Respuesta :
Sure, here's the sinking fund table:
| Period | Amount of Deposit | Interest Earned | Account Balance |
|--------|-------------------|-----------------|-----------------|
| 1 | $750 | $45 | $795 |
| 2 | $750 | $47.70 | $1592.70 |
| 3 | $750 | $49.92 | $2392.62 |
| 4 | $750 | $52.76 | $3195.38 |
| 5 | $750 | $55.71 | $4011.09 |
To calculate the interest earned, we use the formula for compound interest:
\(A = P(1 + r/n)^{nt}\)
Where:
- \(A\) is the amount of money accumulated after n years, including interest.
- \(P\) is the principal amount (the initial amount of money).
- \(r\) is the annual interest rate (in decimal).
- \(n\) is the number of times that interest is compounded per unit \(t\).
- \(t\) is the time the money is invested for, in years.
In this case, \(P = $750\), \(r = 6\% = 0.06\), \(n = 1\) (compounded annually), and \(t = 1, 2, 3, 4, 5\).
| Period | Amount of Deposit | Interest Earned | Account Balance |
|--------|-------------------|-----------------|-----------------|
| 1 | $750 | $45 | $795 |
| 2 | $750 | $47.70 | $1592.70 |
| 3 | $750 | $49.92 | $2392.62 |
| 4 | $750 | $52.76 | $3195.38 |
| 5 | $750 | $55.71 | $4011.09 |
To calculate the interest earned, we use the formula for compound interest:
\(A = P(1 + r/n)^{nt}\)
Where:
- \(A\) is the amount of money accumulated after n years, including interest.

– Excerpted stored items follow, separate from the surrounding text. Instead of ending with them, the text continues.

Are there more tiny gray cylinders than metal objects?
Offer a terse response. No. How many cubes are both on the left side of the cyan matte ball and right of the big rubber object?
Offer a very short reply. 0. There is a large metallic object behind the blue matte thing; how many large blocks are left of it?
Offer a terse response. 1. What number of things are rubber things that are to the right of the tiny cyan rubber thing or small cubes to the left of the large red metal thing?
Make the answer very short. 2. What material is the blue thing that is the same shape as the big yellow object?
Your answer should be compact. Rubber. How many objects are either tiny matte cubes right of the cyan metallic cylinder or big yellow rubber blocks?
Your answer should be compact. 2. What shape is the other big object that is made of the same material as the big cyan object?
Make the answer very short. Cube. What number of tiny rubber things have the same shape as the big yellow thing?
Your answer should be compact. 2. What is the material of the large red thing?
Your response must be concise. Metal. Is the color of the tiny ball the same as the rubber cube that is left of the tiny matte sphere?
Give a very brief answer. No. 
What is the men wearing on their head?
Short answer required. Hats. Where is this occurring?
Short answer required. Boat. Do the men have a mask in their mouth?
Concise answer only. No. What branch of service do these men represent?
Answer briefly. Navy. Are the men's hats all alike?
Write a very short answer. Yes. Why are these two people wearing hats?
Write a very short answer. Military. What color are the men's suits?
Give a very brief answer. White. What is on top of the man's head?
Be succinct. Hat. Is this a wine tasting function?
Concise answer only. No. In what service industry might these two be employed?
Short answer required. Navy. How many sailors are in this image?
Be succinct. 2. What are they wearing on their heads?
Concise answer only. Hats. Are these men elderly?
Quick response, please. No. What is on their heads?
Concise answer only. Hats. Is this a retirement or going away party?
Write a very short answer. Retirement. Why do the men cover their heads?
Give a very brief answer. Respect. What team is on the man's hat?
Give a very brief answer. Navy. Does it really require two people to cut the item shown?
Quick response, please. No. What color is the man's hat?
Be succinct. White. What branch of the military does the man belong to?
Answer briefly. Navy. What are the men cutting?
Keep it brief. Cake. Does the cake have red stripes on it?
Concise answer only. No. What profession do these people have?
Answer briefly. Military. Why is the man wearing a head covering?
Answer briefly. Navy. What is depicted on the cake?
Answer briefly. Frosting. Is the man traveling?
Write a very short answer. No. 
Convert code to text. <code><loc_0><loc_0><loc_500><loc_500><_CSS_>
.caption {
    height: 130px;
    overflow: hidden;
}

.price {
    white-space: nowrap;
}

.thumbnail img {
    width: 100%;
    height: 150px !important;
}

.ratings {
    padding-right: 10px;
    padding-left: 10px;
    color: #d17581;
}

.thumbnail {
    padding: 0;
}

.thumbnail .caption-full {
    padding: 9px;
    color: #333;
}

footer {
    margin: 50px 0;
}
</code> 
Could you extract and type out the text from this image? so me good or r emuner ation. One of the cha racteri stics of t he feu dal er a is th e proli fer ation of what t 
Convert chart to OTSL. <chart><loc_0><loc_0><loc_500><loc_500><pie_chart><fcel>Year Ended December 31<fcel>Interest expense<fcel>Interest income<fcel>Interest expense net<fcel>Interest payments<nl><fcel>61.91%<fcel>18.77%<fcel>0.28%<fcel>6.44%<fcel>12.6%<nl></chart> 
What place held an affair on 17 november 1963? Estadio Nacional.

- \(P\) is the principal amount (the initial amount of money).
- \(r\) is the annual interest rate (in decimal).
- \(n\) is the number of times that interest is compounded per unit \(t\).
- \(t\) is the time the money is invested for, in years.
In this case, \(P = $750\), \(r = 6\% = 0.06\), \(n = 1\) (compounded annually), and \(t = 1, 2, 3, 4, 5\).